| Listed entries |
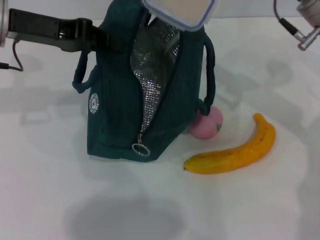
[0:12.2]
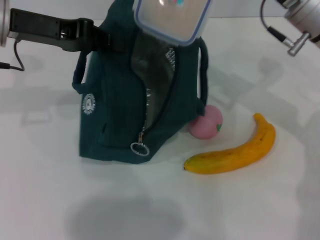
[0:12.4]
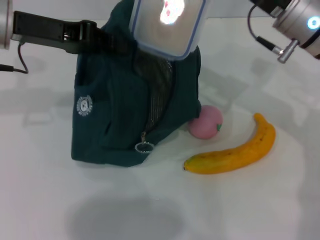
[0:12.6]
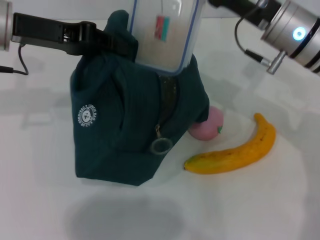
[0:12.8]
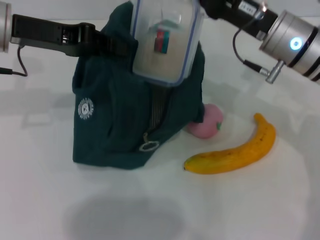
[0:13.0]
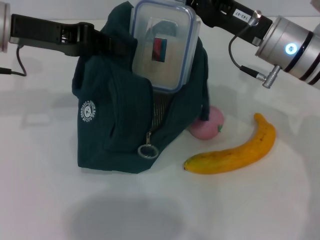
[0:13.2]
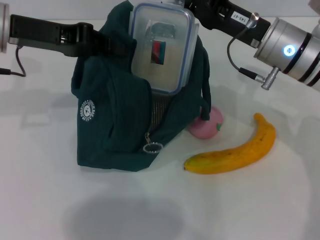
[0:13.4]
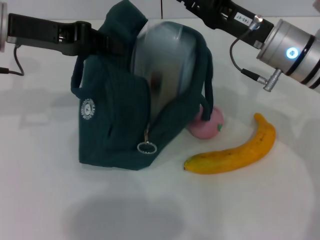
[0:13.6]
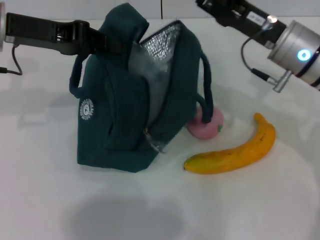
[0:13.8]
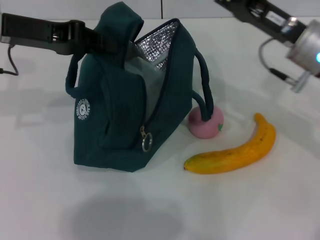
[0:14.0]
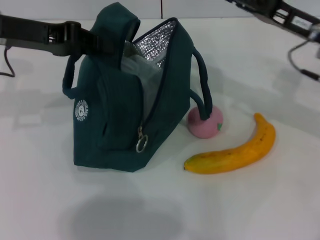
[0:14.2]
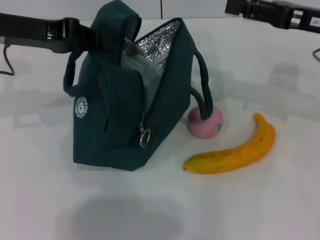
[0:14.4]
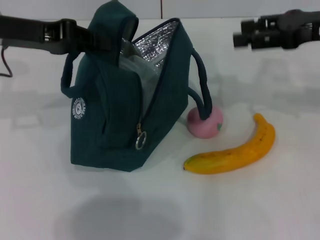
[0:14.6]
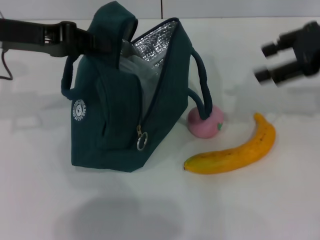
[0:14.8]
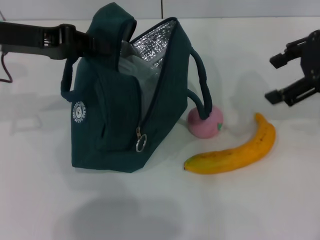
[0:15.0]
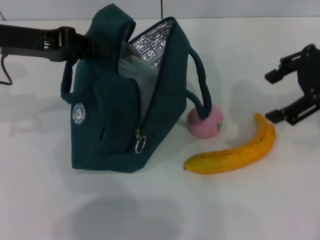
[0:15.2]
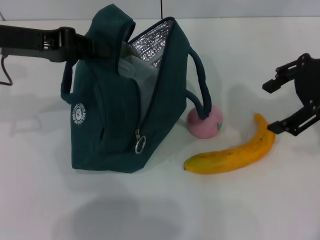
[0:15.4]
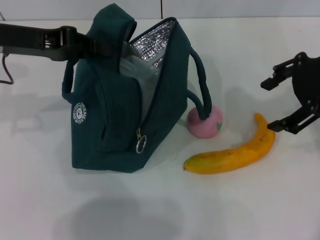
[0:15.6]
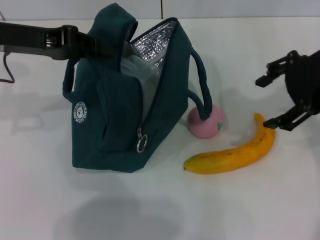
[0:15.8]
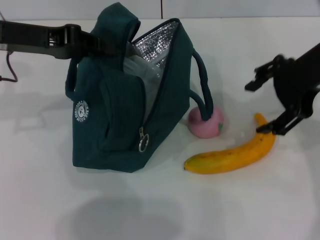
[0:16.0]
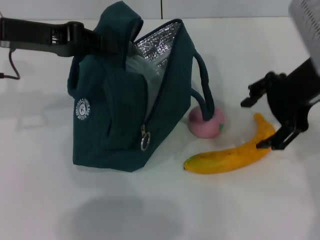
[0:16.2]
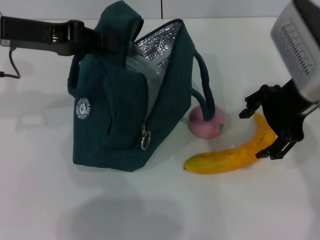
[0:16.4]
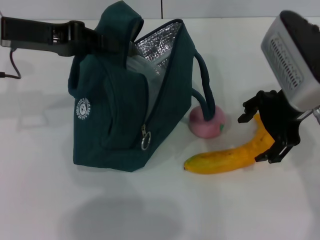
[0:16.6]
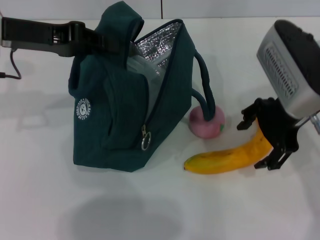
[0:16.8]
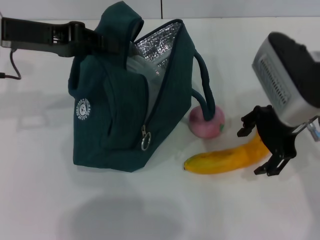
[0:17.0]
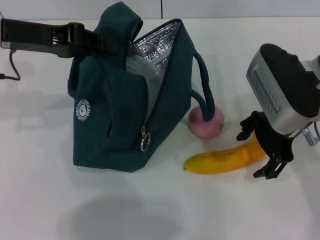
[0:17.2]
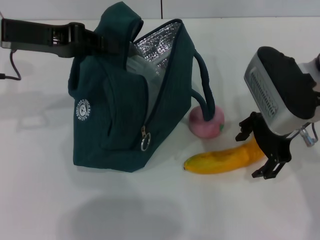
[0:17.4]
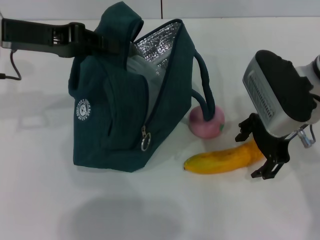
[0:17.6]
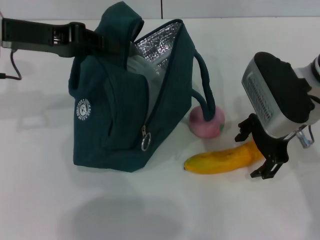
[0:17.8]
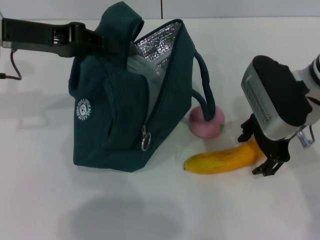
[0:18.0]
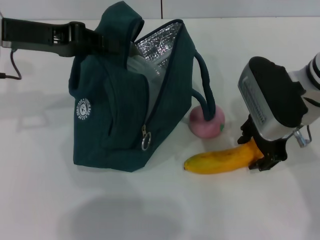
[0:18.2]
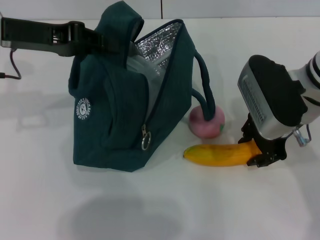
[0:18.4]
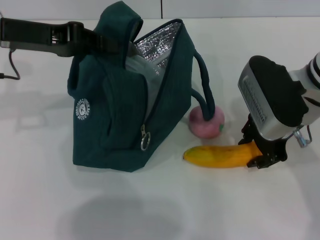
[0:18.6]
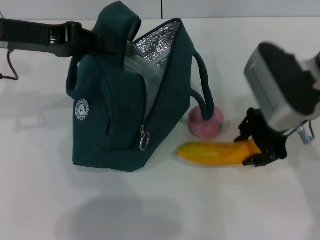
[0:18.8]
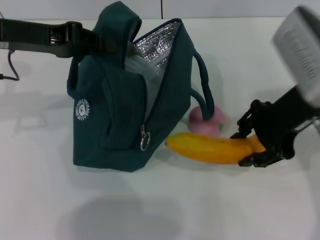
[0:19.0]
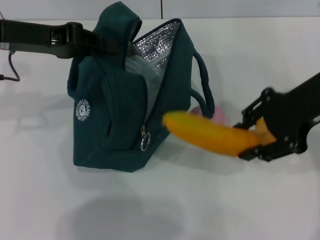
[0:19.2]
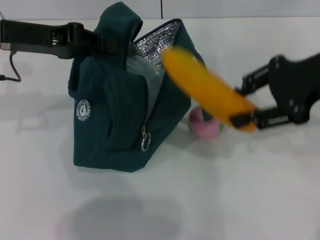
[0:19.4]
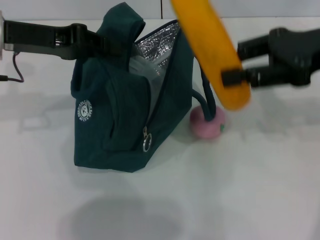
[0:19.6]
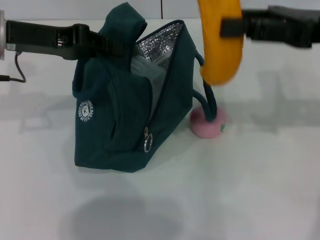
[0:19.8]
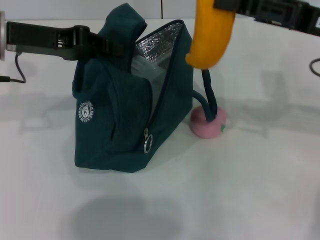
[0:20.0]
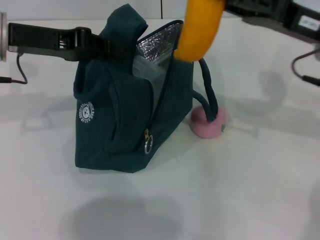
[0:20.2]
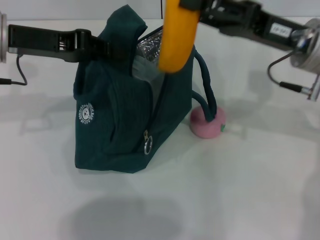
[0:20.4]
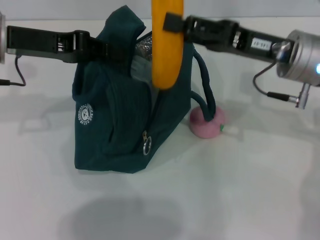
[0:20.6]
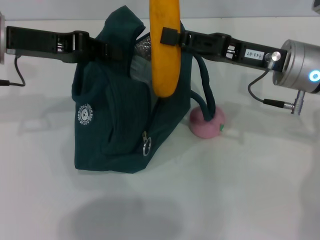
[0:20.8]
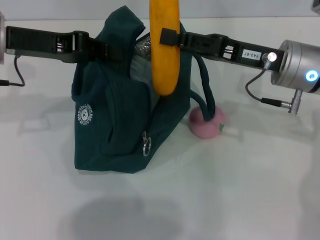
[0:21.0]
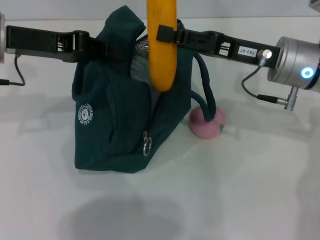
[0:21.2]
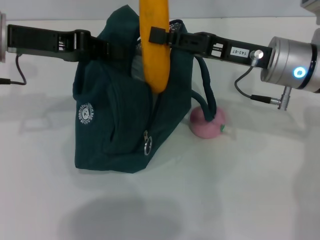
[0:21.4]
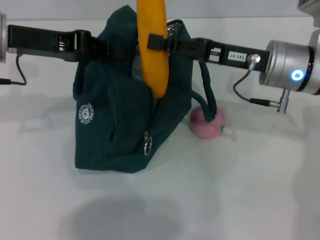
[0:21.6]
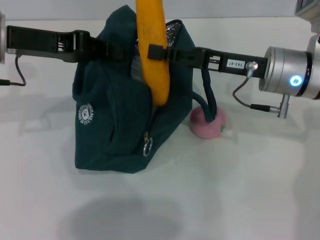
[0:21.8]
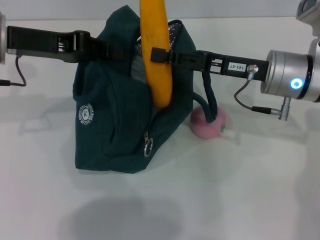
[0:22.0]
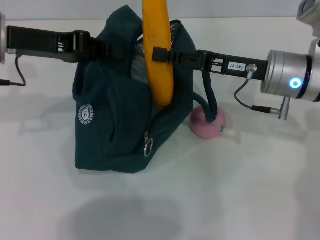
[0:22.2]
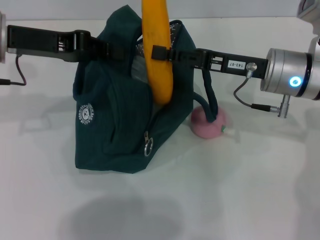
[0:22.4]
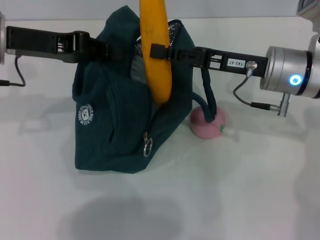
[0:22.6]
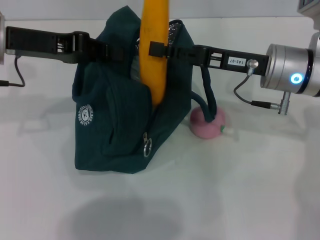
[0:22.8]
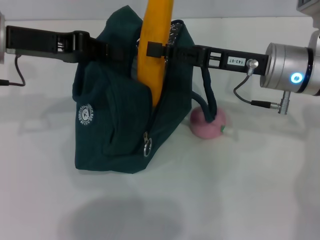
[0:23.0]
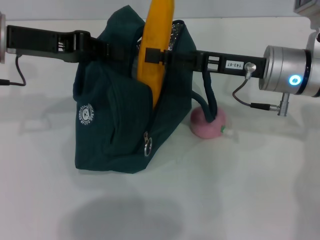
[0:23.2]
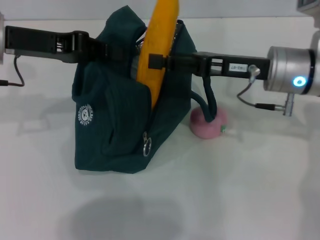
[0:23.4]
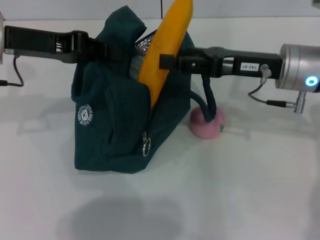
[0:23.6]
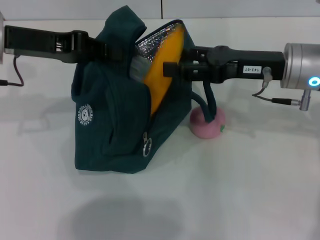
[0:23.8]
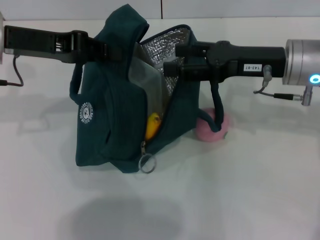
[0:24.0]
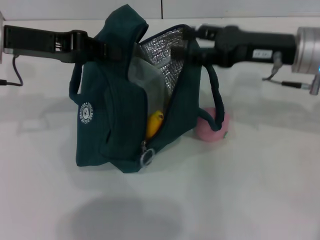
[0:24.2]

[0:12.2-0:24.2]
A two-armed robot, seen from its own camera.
Step, 0:13.8 to 0:18.2: Take the banana with your right hand.
Step, 0:18.4 to 0:23.8: Put the banana into the lunch bag with your right hand.
0:12.2 to 0:13.8: The grippers move only a little.
0:13.8 to 0:15.2: The right gripper moves upward and to the right, about 15 cm, and opens.
0:15.2 to 0:16.6: The right gripper moves to the left, some 5 cm.
0:16.6 to 0:18.2: The right gripper heads downward, covering roughly 5 cm.
0:18.2 to 0:19.8: The right gripper heads to the right and upward, covering roughly 10 cm, and closes up.
0:19.8 to 0:21.2: The right gripper travels downward and to the left by approximately 10 cm.
0:21.2 to 0:22.6: The grippers move only a little.
0:22.6 to 0:24.2: The right gripper opens its fingers.

| What you need to do |
Copy out the full material exactly. Pictures should not appear in it.

| Solution to the problem |
[0:12.2]
[0:12.4]
[0:12.6]
[0:12.8]
[0:13.0]
[0:13.2]
[0:13.4]
[0:13.6]
[0:13.8]
[0:14.0]
[0:14.2]
[0:14.4]
[0:14.6]
[0:14.8]
[0:15.0]
[0:15.2]
[0:15.4]
[0:15.6]
[0:15.8]
[0:16.0]
[0:16.2]
[0:16.4]
[0:16.6]
[0:16.8]
[0:17.0]
[0:17.2]
[0:17.4]
[0:17.6]
[0:17.8]
[0:18.0]
[0:18.2]
[0:18.4]
[0:18.6]
[0:18.8]
[0:19.0]
[0:19.2]
[0:19.4]
[0:19.6]
[0:19.8]
[0:20.0]
[0:20.2]
[0:20.4]
[0:20.6]
[0:20.8]
[0:21.0]
[0:21.2]
[0:21.4]
[0:21.6]
[0:21.8]
[0:22.0]
[0:22.2]
[0:22.4]
[0:22.6]
[0:22.8]
[0:23.0]
[0:23.2]
[0:23.4]
[0:23.6]
[0:23.8]
[0:24.0]
[0:24.2]

[0:12.2-0:24.2]
A two-armed robot, seen from its own camera.
Step, 0:13.8 to 0:18.2: Take the banana with your right hand.
Step, 0:18.4 to 0:23.8: Put the banana into the lunch bag with your right hand.
0:12.2 to 0:13.8: The grippers move only a little.
0:13.8 to 0:15.2: The right gripper moves upward and to the right, about 15 cm, and opens.
0:15.2 to 0:16.6: The right gripper moves to the left, some 5 cm.
0:16.6 to 0:18.2: The right gripper heads downward, covering roughly 5 cm.
0:18.2 to 0:19.8: The right gripper heads to the right and upward, covering roughly 10 cm, and closes up.
0:19.8 to 0:21.2: The right gripper travels downward and to the left by approximately 10 cm.
0:21.2 to 0:22.6: The grippers move only a little.
0:22.6 to 0:24.2: The right gripper opens its fingers.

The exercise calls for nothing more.